どう言う訳か、あの忍術学園や俺達は子供にしか見えないんだ。
まぁ個人差はあるけど…
お前は…」
言いかけて言葉を濁せば、直ぐに察して言葉の続きを足してきた。
「……私は…もう…会えないんだね?
だから最後にここに呼んでくれたんだね??」
うつむいて何かもの思いに深けている渚。
しばらくして顔を上げて俺に尋ねた。
「ここに来るのは二度目じゃない・・・そうでしょ?」
彼女の中で、子供の頃の夢物語だと時が埋もれさせた記憶がつながり始めているのだろう。
伊作がまだ幼い彼女を助けたその日から、彼女が自分の街に帰っちまうまで・・・
そしてその次の年も、その次の年も・・・
コイツ夏になると俺達のところにやって来た。
しかし時が経つにつれ、彼女が大人になるにつれ、俺達を思い出さなくなり、そして俺達に会いに来なくなった。
いつの間にか彼女に執着していた伊作は、このまま忘れられて別れるのが我慢できなかったんだろう。
腹黒いけど不器用だよな、アイツ・・・いや、あいつらも・・・
湿っぽい空気のまま人の通る道に着くと、渚は俺の方に振り返った。
しかし、驚いてキョロキョロ俺を探し始めた。
「留くん…?留くん??
ねぇ何処??…………っ!?」
ああ、見えなくなっちまったのか。
本当にギリギリだ…森の途中でこんな事になってたら俺が伊作にどんな目にあわされるか…
そう血の気なんて無いはずの顔を青くしていると、渚は俺のほうを向いて思いっきり叫んだ。
「留く~ん!ありがとぉー!!
みんなにも伝えて!ありがとうって!!
伊作に伝えて!!
小さい頃助けてくれてありがとうって…私…わた…し…もう忘れないからぁぁぁ!!」
わかったもんじゃねぇなぁ…
こんだけ笑顔で手を振ってる最後の顔を俺がみたんじゃ…本当にアイツらに何されるか、わかったもんじゃねぇや。

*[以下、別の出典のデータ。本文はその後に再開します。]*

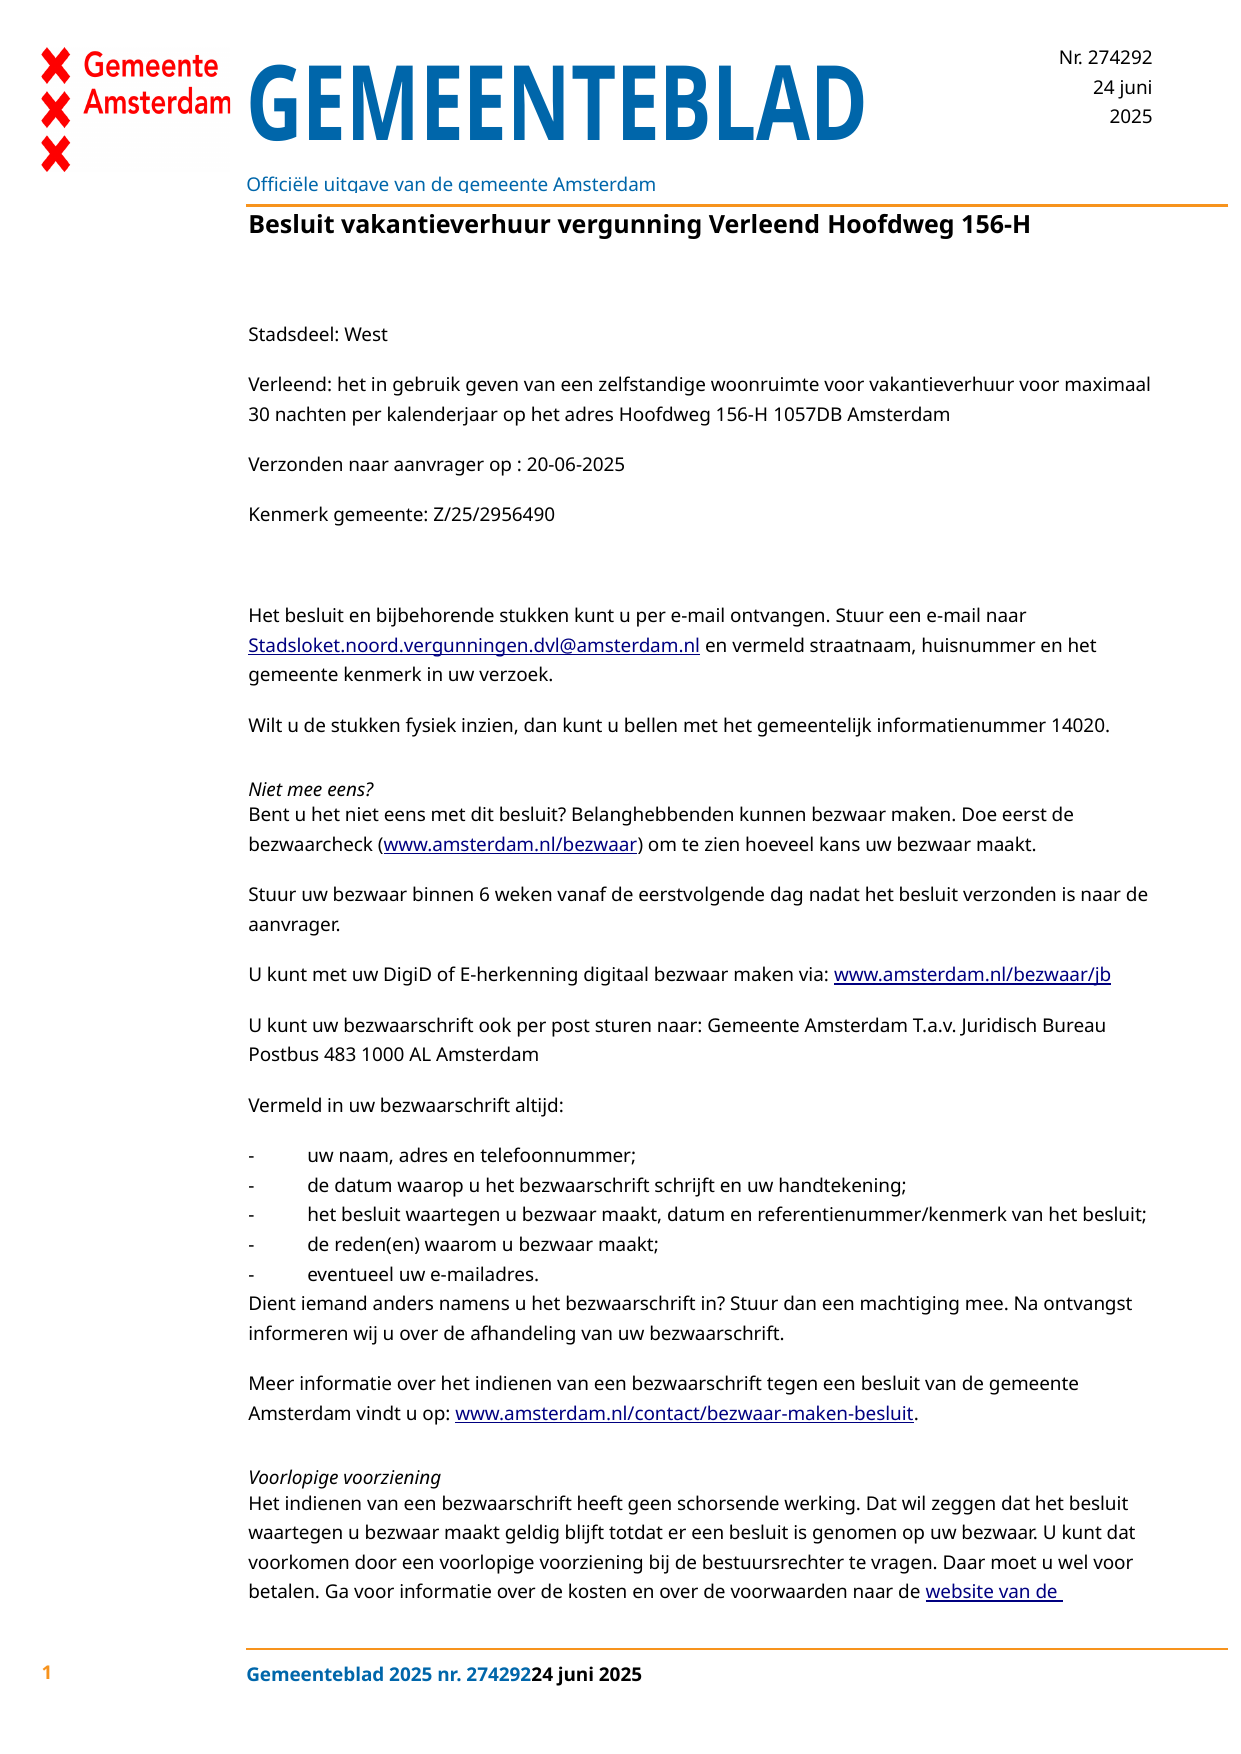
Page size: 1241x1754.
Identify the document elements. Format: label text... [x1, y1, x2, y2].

list eventueel uw e-mailadres. [248, 1261, 1152, 1287]
text U kunt uw bezwaarschrift ook per post sturen naar: Gemeente Amsterdam T.a.v. Juridisch Bureau Postbus 483 1000 AL Amsterdam [248, 1012, 1152, 1067]
text U kunt met uw DigiD of E-herkenning digitaal bezwaar maken via: www.amsterdam.nl/bezwaar/jb [248, 962, 1152, 987]
text Dient iemand anders namens u het bezwaarschrift in? Stuur dan een machtiging mee. Na ontvangst informeren wij u over de afhandeling van uw bezwaarschrift. [248, 1290, 1152, 1346]
text Besluit vakantieverhuur vergunning Verleend Hoofdweg 156-H [248, 207, 1152, 241]
list de reden(en) waarom u bezwaar maakt; [248, 1231, 1152, 1257]
text Verzonden naar aanvrager op : 20-06-2025 [248, 451, 1152, 477]
list uw naam, adres en telefoonnummer; [248, 1142, 1152, 1168]
text Niet mee eens? [248, 776, 1152, 802]
picture [41, 47, 231, 172]
list het besluit waartegen u bezwaar maakt, datum en referentienummer/kenmerk van het besluit; [248, 1202, 1152, 1227]
list de datum waarop u het bezwaarschrift schrijft en uw handtekening; [248, 1172, 1152, 1198]
text Kenmerk gemeente: Z/25/2956490 [248, 502, 1152, 527]
text Meer informatie over het indienen van een bezwaarschrift tegen een besluit van de gemeente Amsterdam vindt u op: www.amsterdam.nl/contact/bezwaar-maken-besluit. [248, 1370, 1152, 1426]
text Bent u het niet eens met dit besluit? Belanghebbenden kunnen bezwaar maken. Doe eerst de bezwaarcheck (www.amsterdam.nl/bezwaar) om te zien hoeveel kans uw bezwaar maakt. [248, 802, 1152, 857]
text Verleend: het in gebruik geven van een zelfstandige woonruimte voor vakantieverhuur voor maximaal 30 nachten per kalenderjaar op het adres Hoofdweg 156-H 1057DB Amsterdam [248, 371, 1152, 426]
text Vermeld in uw bezwaarschrift altijd: [248, 1092, 1152, 1118]
text Het besluit en bijbehorende stukken kunt u per e-mail ontvangen. Stuur een e-mail naar Stadsloket.noord.vergunningen.dvl@amsterdam.nl en vermeld straatnaam, huisnummer en het gemeente kenmerk in uw verzoek. [248, 602, 1152, 687]
text Voorlopige voorziening [248, 1464, 1152, 1490]
text Wilt u de stukken fysiek inzien, dan kunt u bellen met het gemeentelijk informatienummer 14020. [248, 712, 1152, 738]
text Het indienen van een bezwaarschrift heeft geen schorsende werking. Dat wil zeggen dat het besluit waartegen u bezwaar maakt geldig blijft totdat er een besluit is genomen op uw bezwaar. U kunt dat voorkomen door een voorlopige voorziening bij de bestuursrechter te vragen. Daar moet u wel voor betalen. Ga voor informatie over de kosten en over de voorwaarden naar de website van de [248, 1490, 1152, 1604]
text Stuur uw bezwaar binnen 6 weken vanaf de eerstvolgende dag nadat het besluit verzonden is naar de aanvrager. [248, 882, 1152, 937]
text Stadsdeel: West [248, 321, 1152, 346]

未だに見えないはずの俺に泣き笑いながら手を振っている渚。
「んーなに叫ばなくたって聞こえてるっつの・・・」
見えないとはわかりつつ、俺は彼女に背中を向けて手をヒラヒラと振り返した。
【おけま】
数年後…一人の幼女が母親らしき女性の手を引き森の中を歩いている。
「ママ!こっち!!
こっちに新しいお友達がいるんだよ?」
幼女は母親に連れられて、母親の祖母にあたる人の実家に遊びに来て居たのだった。
そして新しい友達に紹介すると行って母を連れ出したのだが…
「伊作お兄ちゃん!ママ連れてきたよ!!」
幼女が古風な名前を呼ぶが、母親には森の木々しか見えない。
しかし母親は対して気にした様子もなく微笑んだ。
幼女は何かを聞くと母に言った。
「伊作がね?
ママ綺麗になったって!」
「あら?嬉しいわ。
こんなおばさんに綺麗だなんて」
母親はまるで少女の様に頬を染めるといたずらっぽく言いました。
「あの時は良くも脅かしてくれたわね~
私が死んだらみんなまとめてひっ叩いてやるんだから!」
母親の言葉に幼女がケラケラ笑う。
どうやら見えない相手は焦っているらしい。
その反応に満足したのか、母親はしゃがみ込み幼女の顔を覗くと…
「い~い?5時の鐘が鳴ったらちゃんと帰って来るのよ??
じゃないと伊作お兄ちゃんにビンタね?」
「は~い!!……あはははっ!」
元気良く返事をして幼女が何かにかけて行く。
それを見て母親は微笑み、来た道を戻り始めたが数本歩いて、はたと幼女の方に振り向く。
「ねぇ?知ってた?
私の初恋は小さい頃助けてくれた天狗さんなのよ??」
母親の言葉に幼女が何かを見上げて言った。
「どうしたの?
伊作お兄ちゃんお顔が真っ赤!」
どうっと風が吹いて母親は今度こそ振り返らずに歩きだした。